Deer dont care about temperature though... especially when they are horny. Helll, they dont care about even more substancial dangers when they are horny! Daylight, Cars, Man, etc....


----------



## aussieexpat (Jul 31, 2009)

Bucks are still grouped together on our place in cherokee county. I think by next weekend things will really be heating up


----------



## wet dreams (May 21, 2004)

The deer up in the Lakes area will most prob start the second week of Nov, here in S E Texas I've seen some activity, have been finding scrapes almost a month, this week I've seen a few fawns ALONE, the sure sign is when they start showing up on the hiway I live on, as a rule I'll see more deer in 2-3 weeks during the rut than the rest of the yr combined....WW


----------



## Grizzly1 (Dec 12, 2008)

I have a lease in Jasper, I sat my blind Friday evening and Saturday morning and evening. Saturday evening I watched a young 6pt. chase 3 does around on my pipeline for about an hour. I wouldn't say they are in a full rut but definetly in a small rut. The deer seem to be moving really good. The one thing I have noticed is that I haven't seen a deer yet early in the morning, all the deer I am seeing is between 8:30-11am so it may be smart to stay in the blind a little later, in the evening I am seeing deer from about 5 til dark. Found a few active ground scrapes as well.


----------



## David Burke (Dec 27, 2005)

TPW web site will show the anticipated peak in the various locations... Trinity Co. where I hunt is just now showing pre-rut activities and it is anticipated that it will peak @ opening of gun season....


----------



## KIKO (Oct 24, 2006)

It should pick up by the next full moon on Nov. 2nd.


----------



## Rack Ranch (May 25, 2004)

Been there done that!! 


justinsfa said:


> especially when they are horny. Helll, they dont care about even more substancial dangers when they are horny! Daylight, Cars, Man, etc....


----------



## justinsfa (Mar 28, 2009)

Rack Ranch said:


> Been there done that!!


Hahahaha.... I was gonna write that too....

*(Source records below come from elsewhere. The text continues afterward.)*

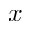<formula> <loc_0><loc_0><loc_500><loc_500>x</formula> 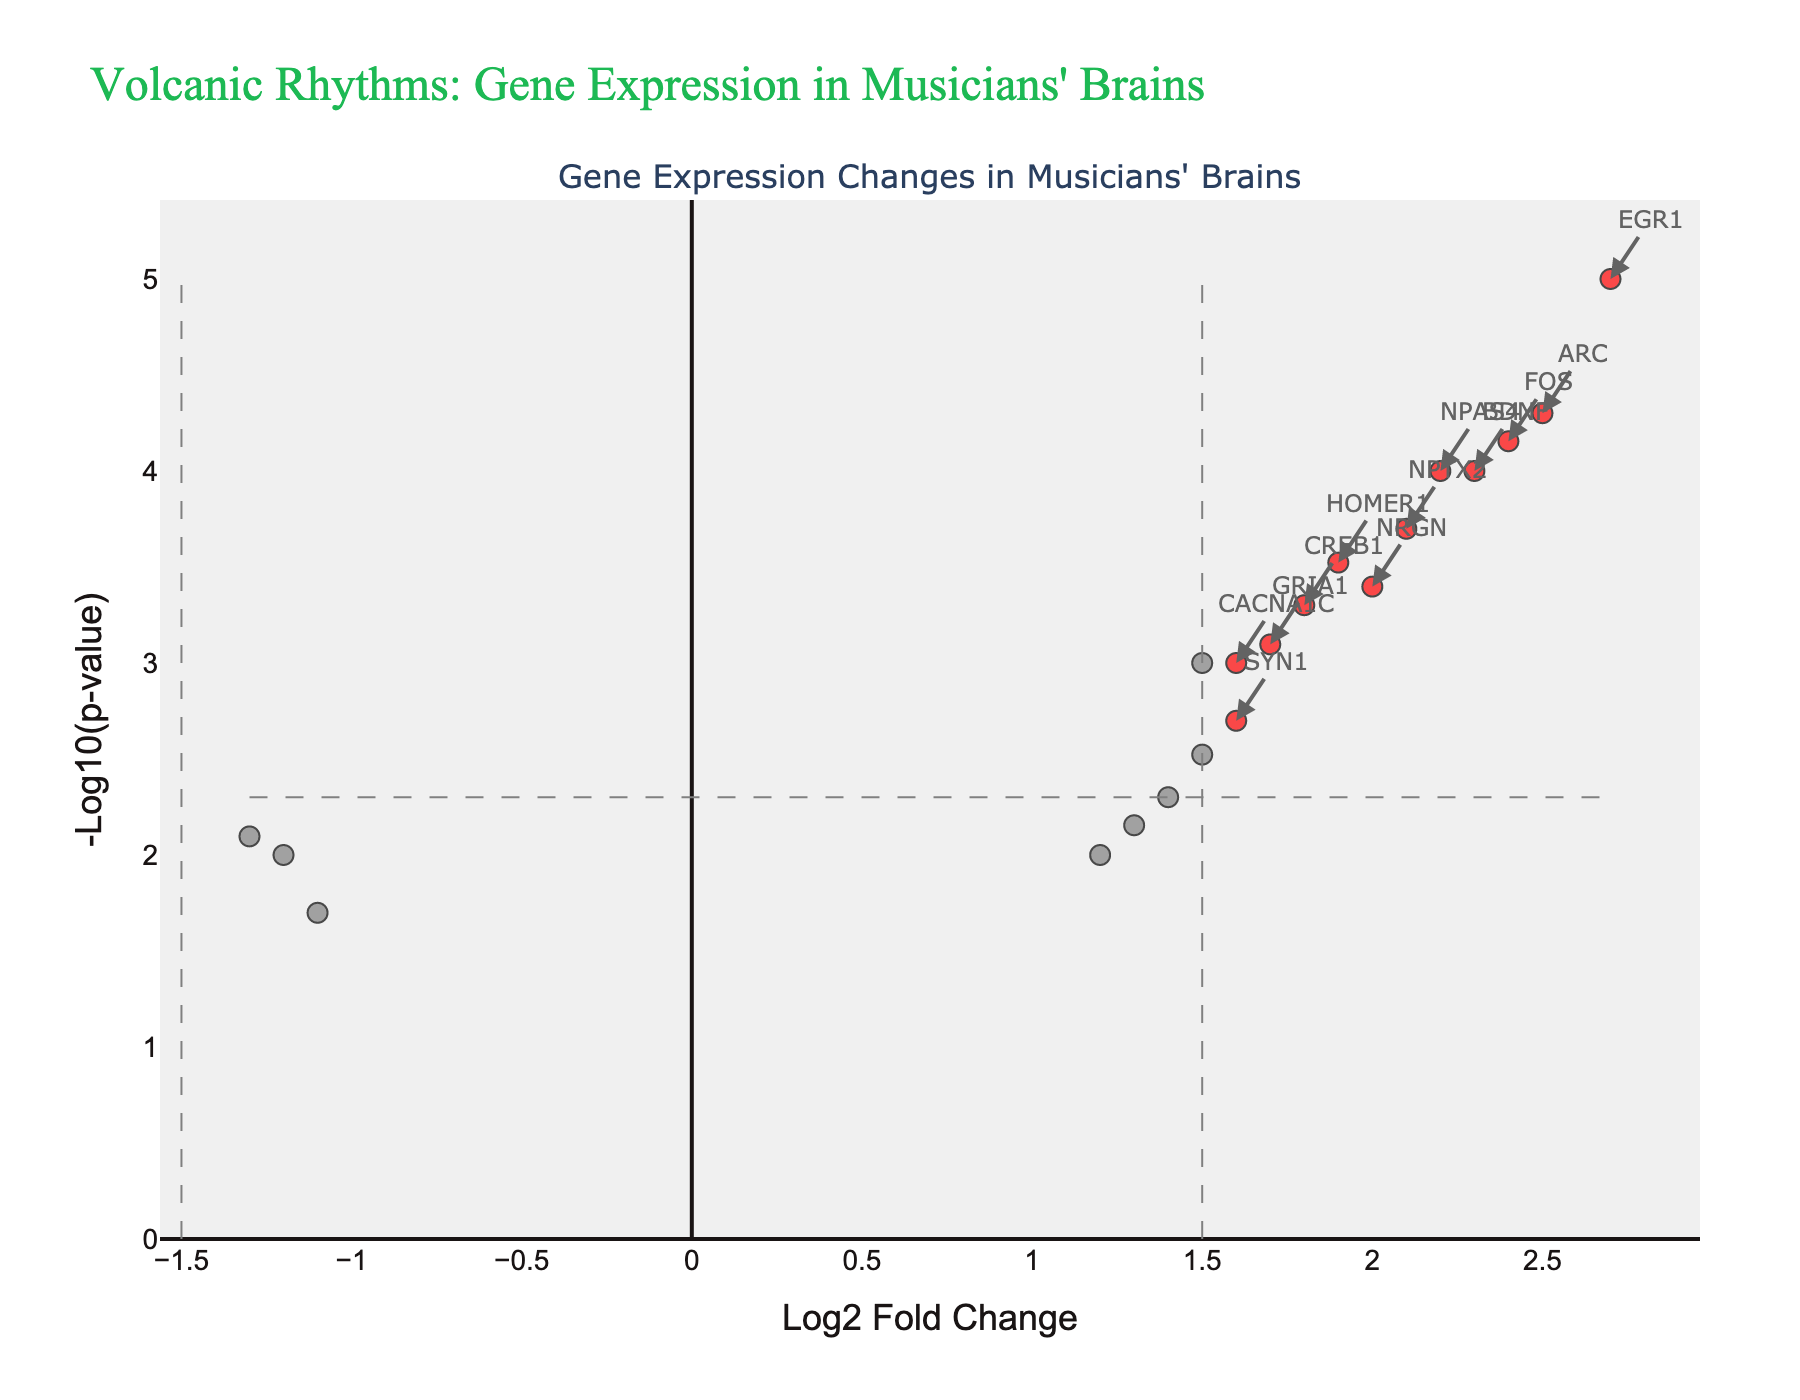How many genes are highlighted in red? To find the number of genes highlighted in red, count the data points represented by red dots in the figure. These red dots correspond to genes with a log2 fold change greater than 1.5 or less than -1.5 and with a p-value less than 0.005.
Answer: 12 Which gene shows the most significant upregulation? The most significant upregulated gene will be the one with the highest -log10(p-value) and a positive log2 fold change. In the plot, this gene will be among the highest red dots in the positive x-axis direction.
Answer: EGR1 Which axis measures the change in gene expression? Examine the axis titles to determine which axis measures the change in gene expression. The x-axis represents "Log2 Fold Change," which measures the change in gene expression.
Answer: x-axis What is the threshold value for -log10(p-value) used to determine significance? Identify the horizontal threshold line and note the corresponding y-axis value, which represents the -log10(p-value) threshold. From the figure, the threshold value on the y-axis is -log10(0.005).
Answer: 2.301 Which gene has the lowest p-value among the downregulated genes? To find the downregulated gene with the lowest p-value, look for the blue dot with the highest -log10(p-value) on the left side of the figure (negative log2 fold change).
Answer: GRIN2B How many genes are significantly downregulated? Count the number of blue dots, which represent the significantly downregulated genes with a log2 fold change less than -1.5 and a p-value less than 0.005.
Answer: 3 What is the log2 fold change value of the gene BDNF? Locate the label for the gene BDNF in the figure and find its corresponding position on the x-axis to determine the log2 fold change value.
Answer: 2.3 Is SYN1 significantly upregulated? Locate the data point for SYN1 and determine if it falls into the red region, which means it should have a log2 fold change greater than 1.5 and a p-value less than 0.005.
Answer: No Which gene appears second in terms of significance in upregulation? Identify the second-highest red dot on the y-axis (after EGR1). This corresponds to the second most significant upregulated gene.
Answer: ARC What is the range of log2 fold change values? Look at the x-axis to determine the minimum and maximum log2 fold change values shown in the figure. The range is the difference between these two values.
Answer: -1.3 to 2.7

Put a hot 2 legged "dear" in front of me and see how much I care about the heat or cold....


----------



## alamo hunter (Sep 28, 2009)

We are hunting in San Augustine and the bucks are chasing does like crazy. We came out the woods on atv's and saw several bucks in close proximity to us. All the pics we are getting the bucks are all bowed up and traveling alone.Just 2-3 weeks ago we were getting multiple bucks in or game cameras. Texas is known for crazy ruts so to answer your question you will probably have to see the activity for yourself to be comfortable in your GUESSTAMATION. GOOD LUCK


----------



## 22fish (Dec 12, 2006)

Bucks are starting to chase the does in Limestone county.


----------



## justinsfa (Mar 28, 2009)

alamo hunter said:


> We are hunting in San Augustine and the bucks are chasing does like crazy. We came out the woods on atv's and saw several bucks in close proximity to us. All the pics we are getting the bucks are all bowed up and traveling alone.Just 2-3 weeks ago we were getting multiple bucks in or game cameras. Texas is known for crazy ruts so to answer your question you will probably have to see the activity for yourself to be comfortable in your GUESSTAMATION. GOOD LUCK


We are right next door in Shelby county off 96 and the bucks arent chasing does yet (per my dad and sister who hunted this past weekend). Hopefully they will hold out til the 7th.

Last year, I had game cam pics of bucks breeding does and running scrapes... Started on 10-14 and went through 10-17... then the deer movement almost completely halted...


----------



## jay07ag (Mar 22, 2006)

Angelina County here...All the doe I have seen have been by themselves up to this point, no rutting activity from the bucks yet


----------



## wet dreams (May 21, 2004)

If I were still hunting up in the lakes area I would be hunting VERY hard the second week of Nov....WW


----------